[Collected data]
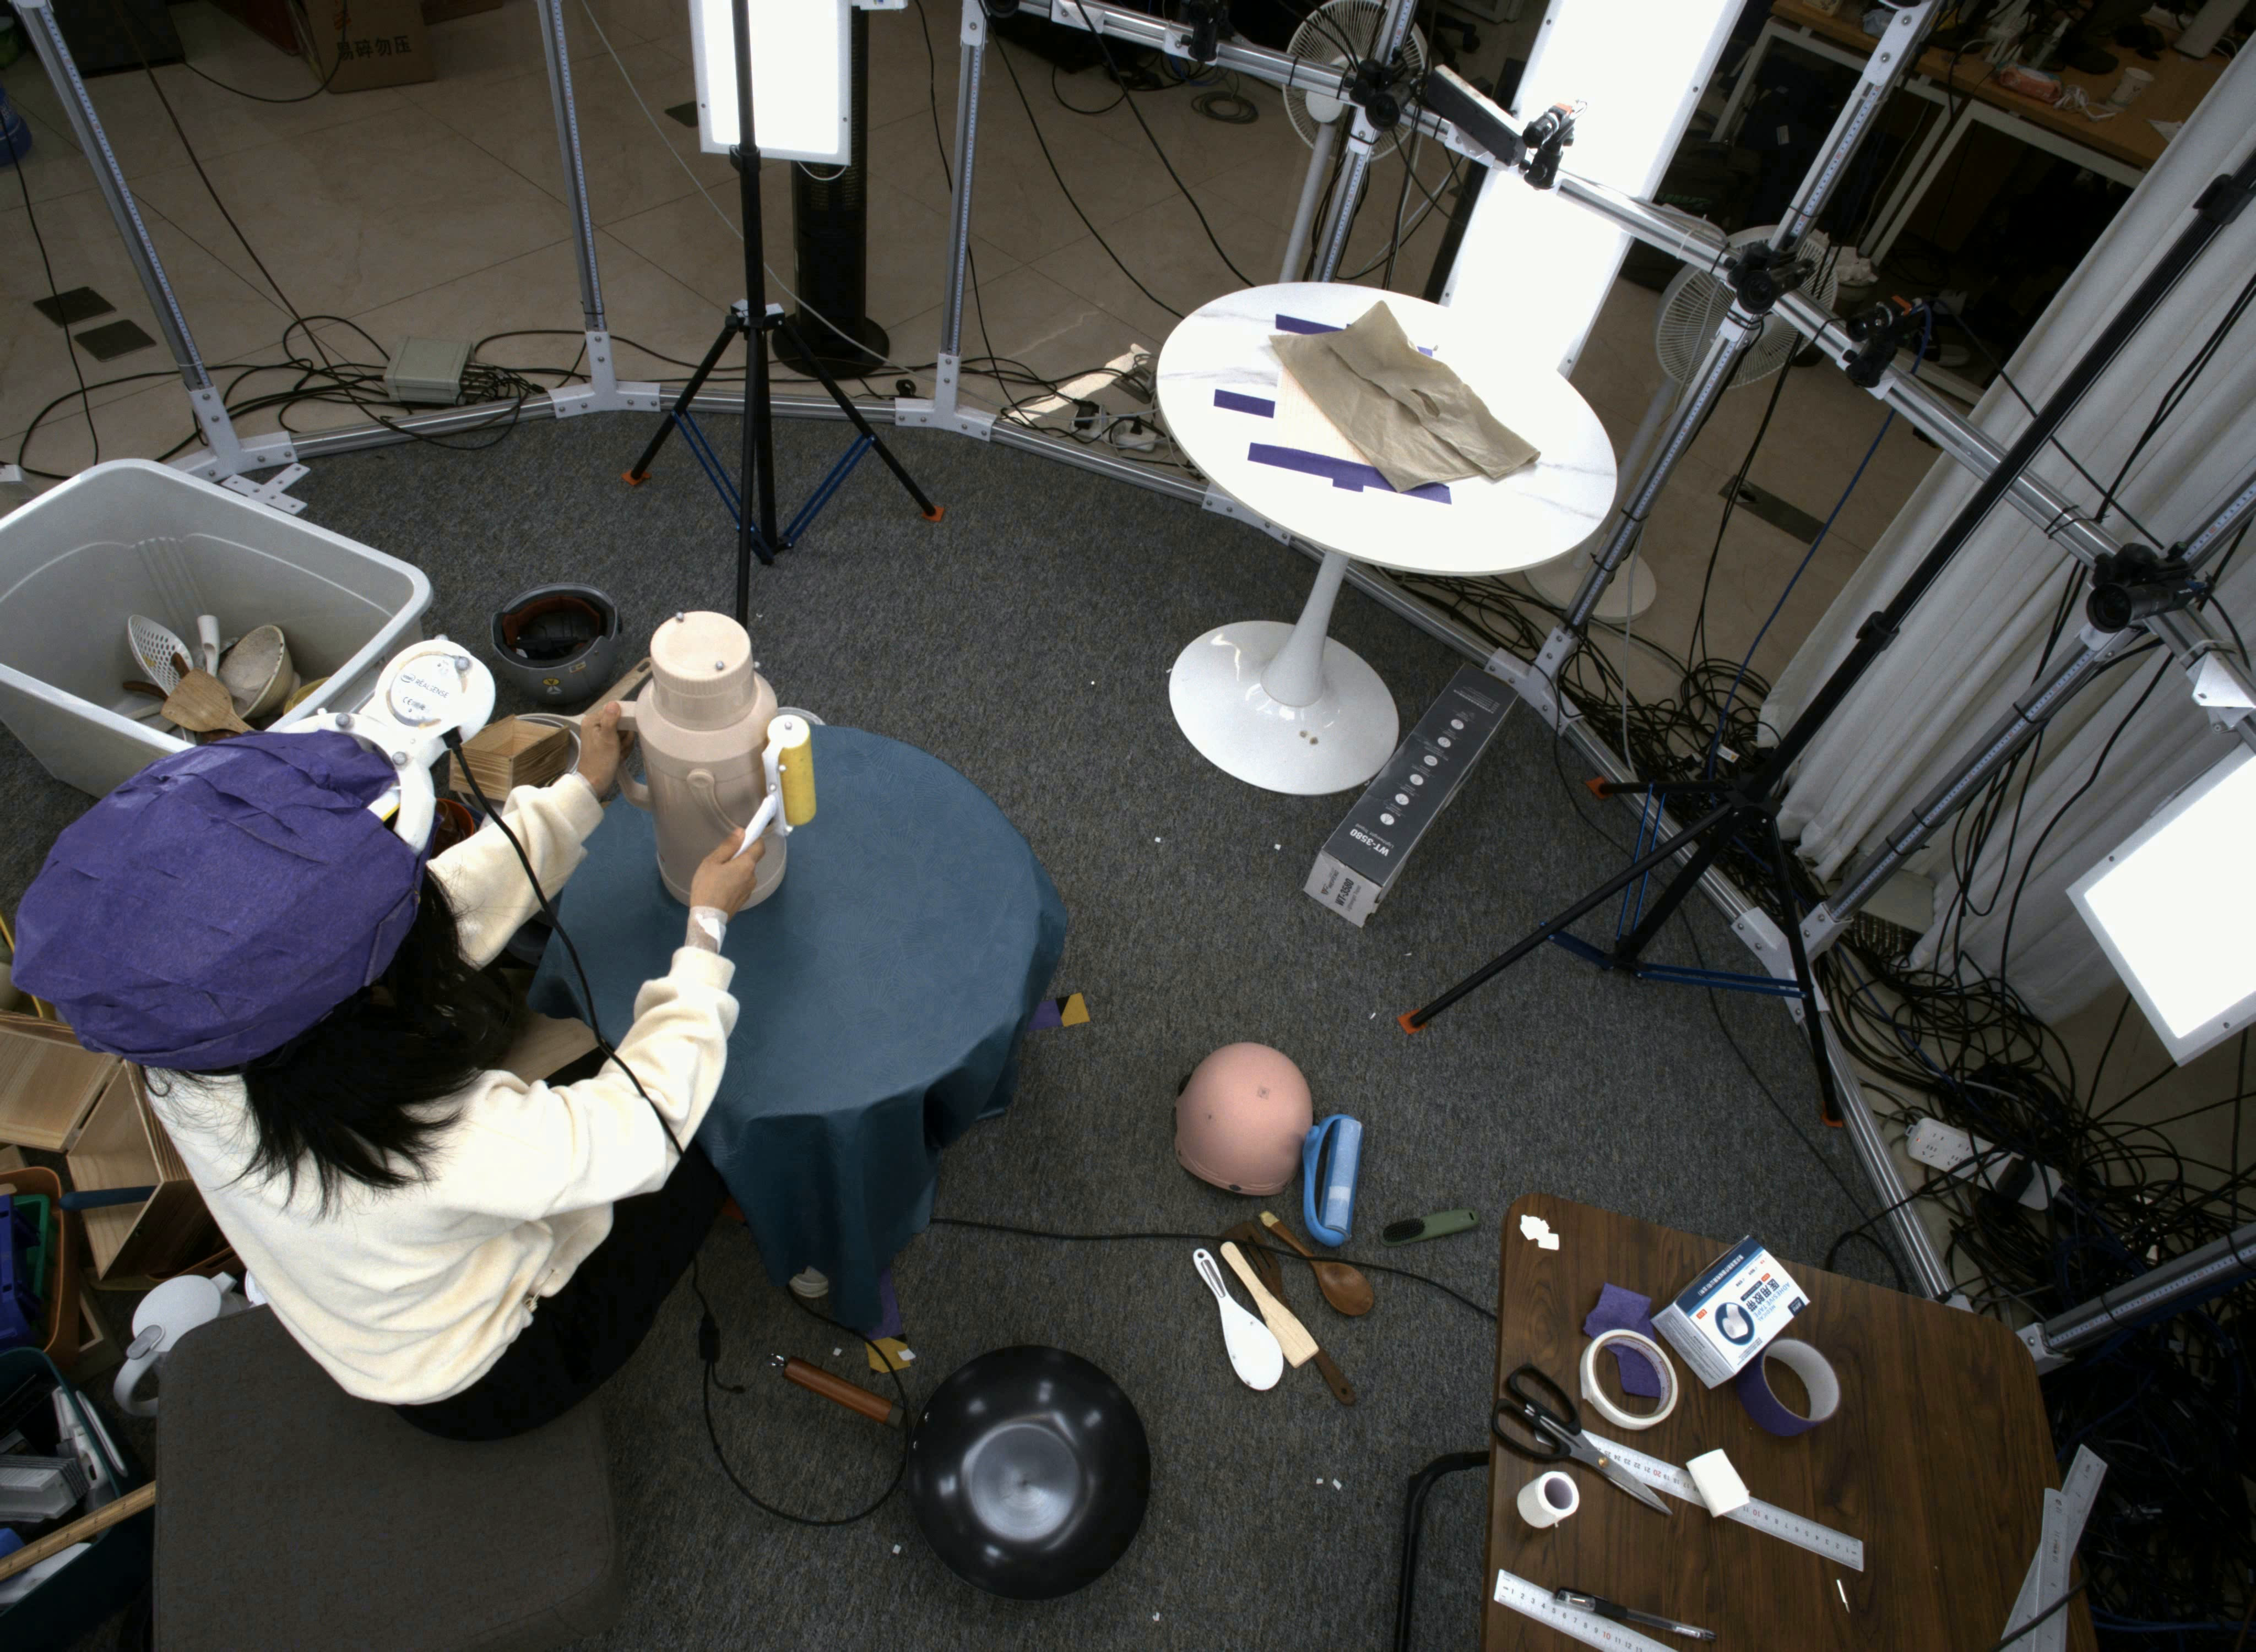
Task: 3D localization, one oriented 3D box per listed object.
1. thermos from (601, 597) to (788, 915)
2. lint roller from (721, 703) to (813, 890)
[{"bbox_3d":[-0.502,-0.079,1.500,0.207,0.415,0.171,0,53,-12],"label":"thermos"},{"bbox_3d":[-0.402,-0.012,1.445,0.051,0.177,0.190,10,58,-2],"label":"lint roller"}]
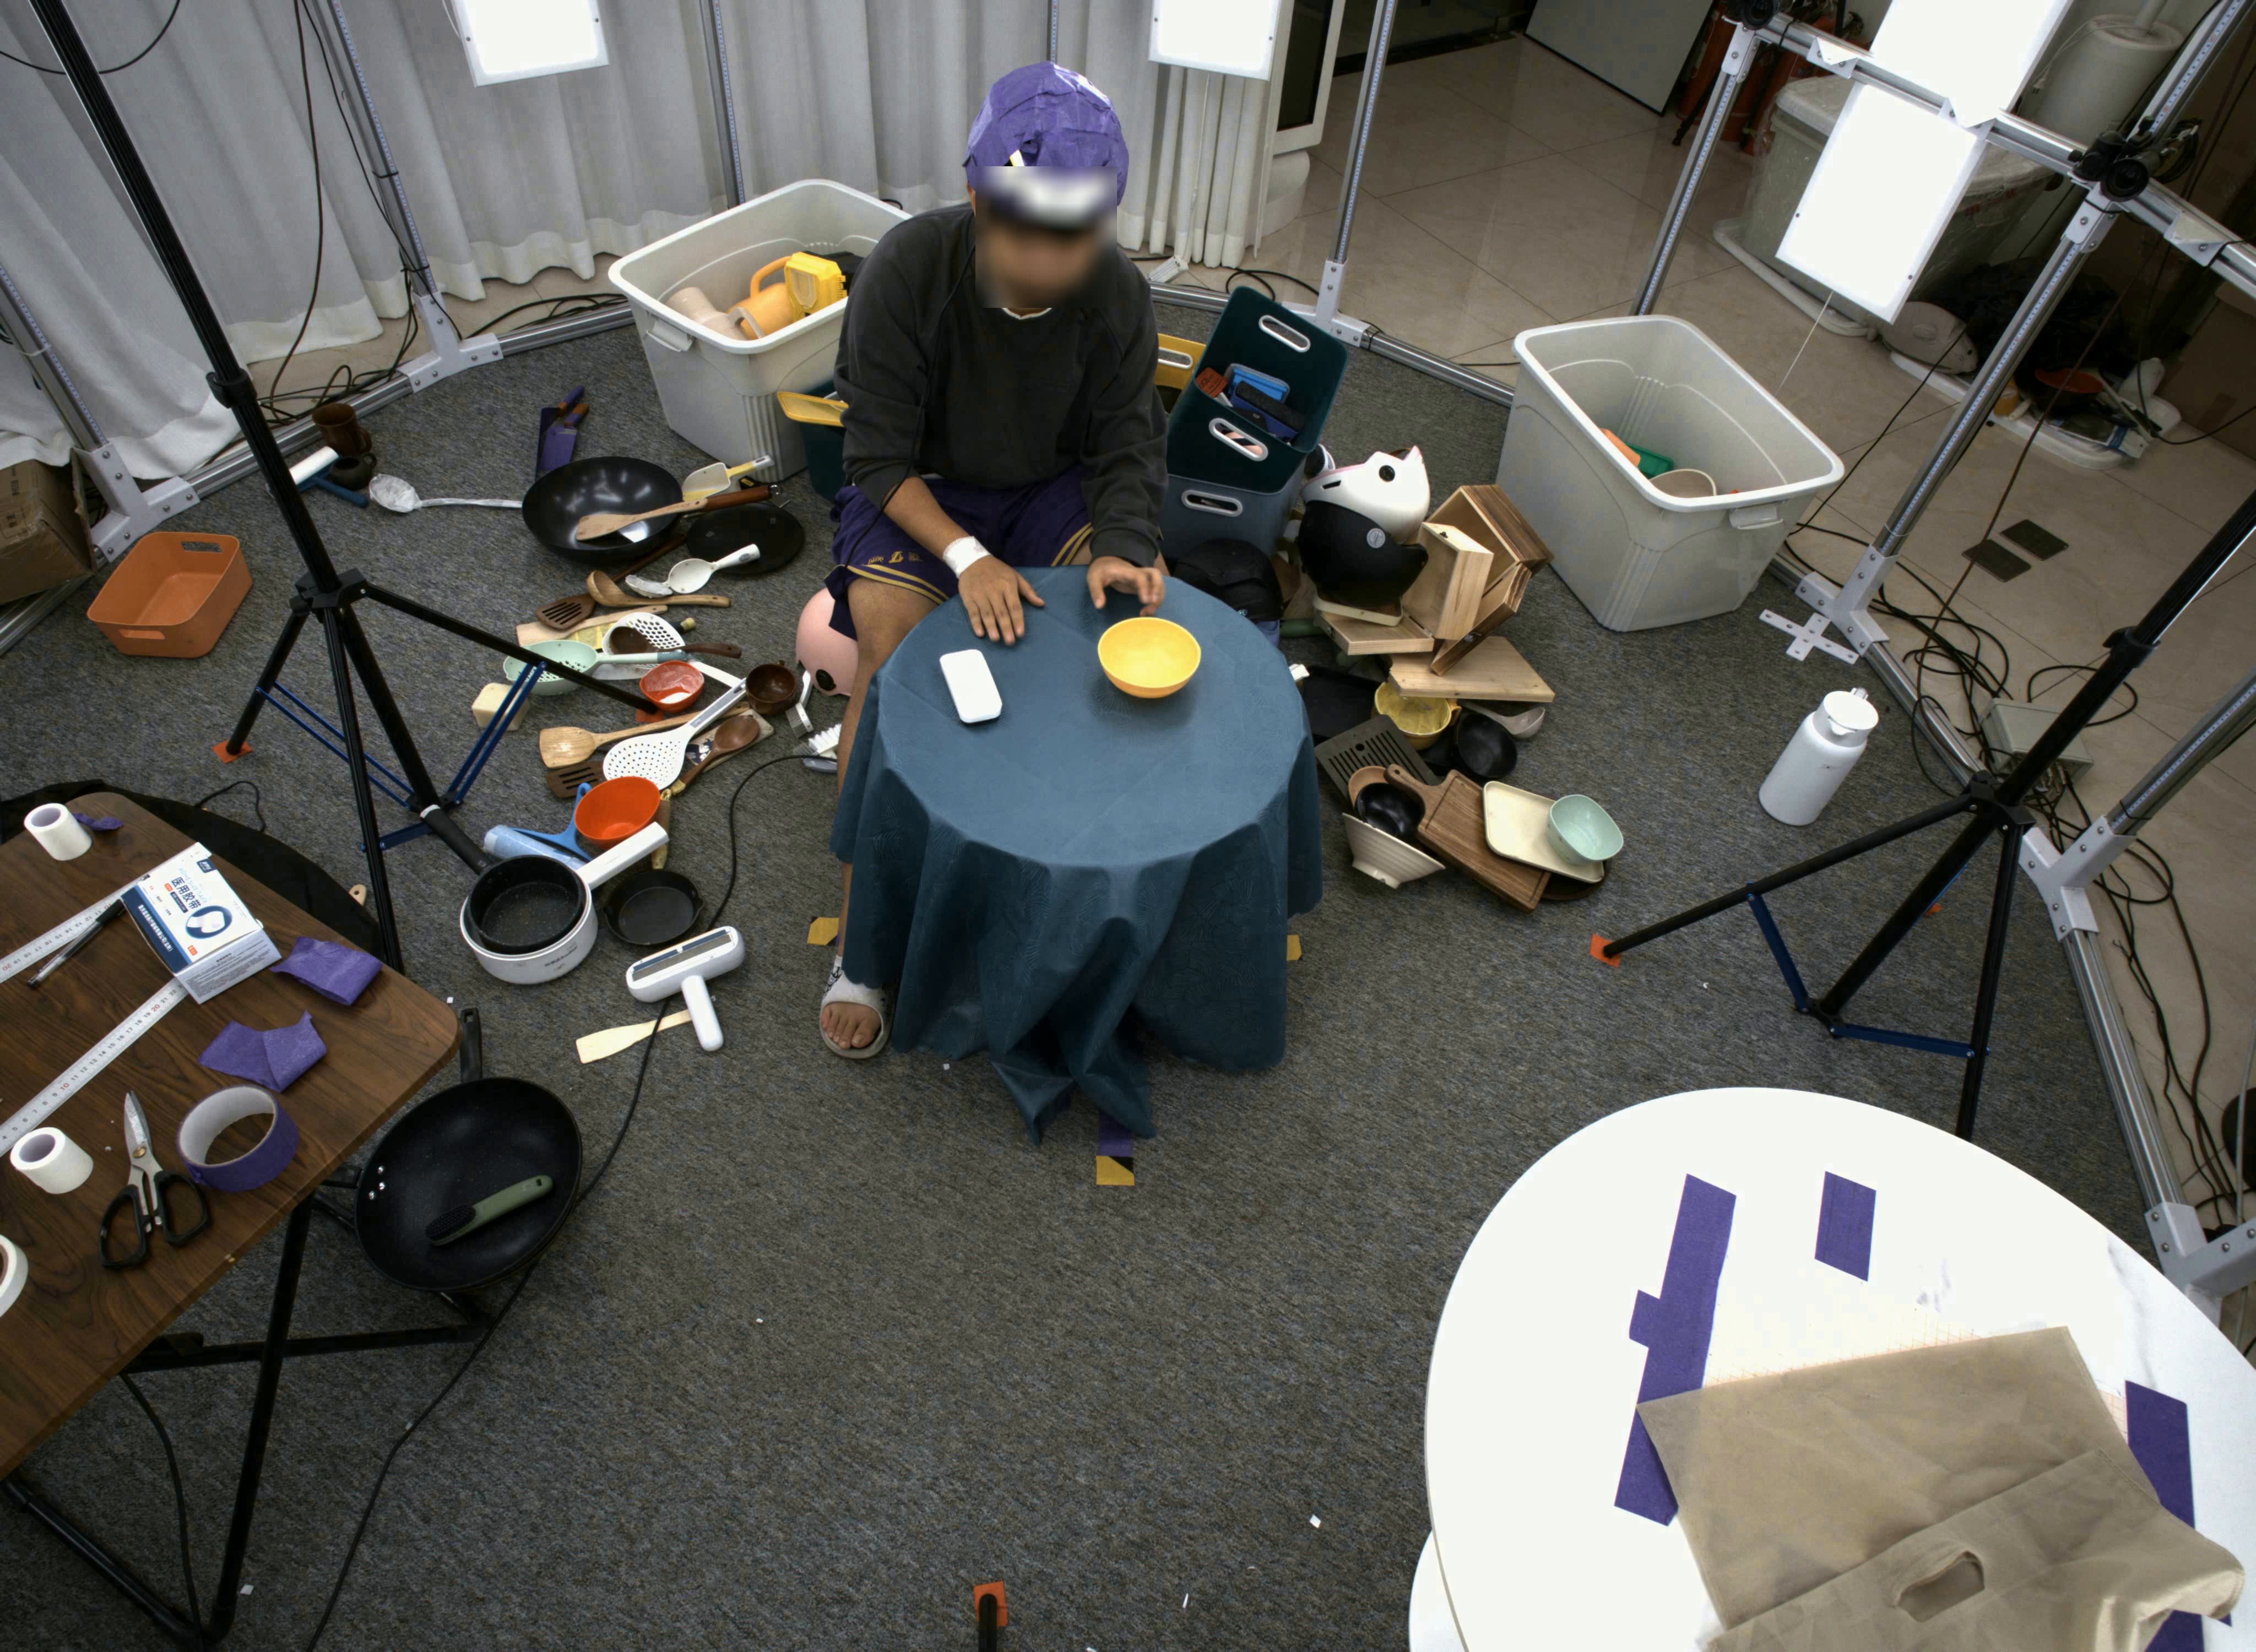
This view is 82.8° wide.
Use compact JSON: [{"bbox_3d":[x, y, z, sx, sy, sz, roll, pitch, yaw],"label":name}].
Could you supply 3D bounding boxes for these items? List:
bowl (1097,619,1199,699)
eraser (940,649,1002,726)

The problem: Only the lines from the one containing "Could you supply" through the end of the records above belong in the answer, each exactly as written.

Answer space:
Could you supply 3D bounding boxes for these items? List:
bowl (1097,619,1199,699)
eraser (940,649,1002,726)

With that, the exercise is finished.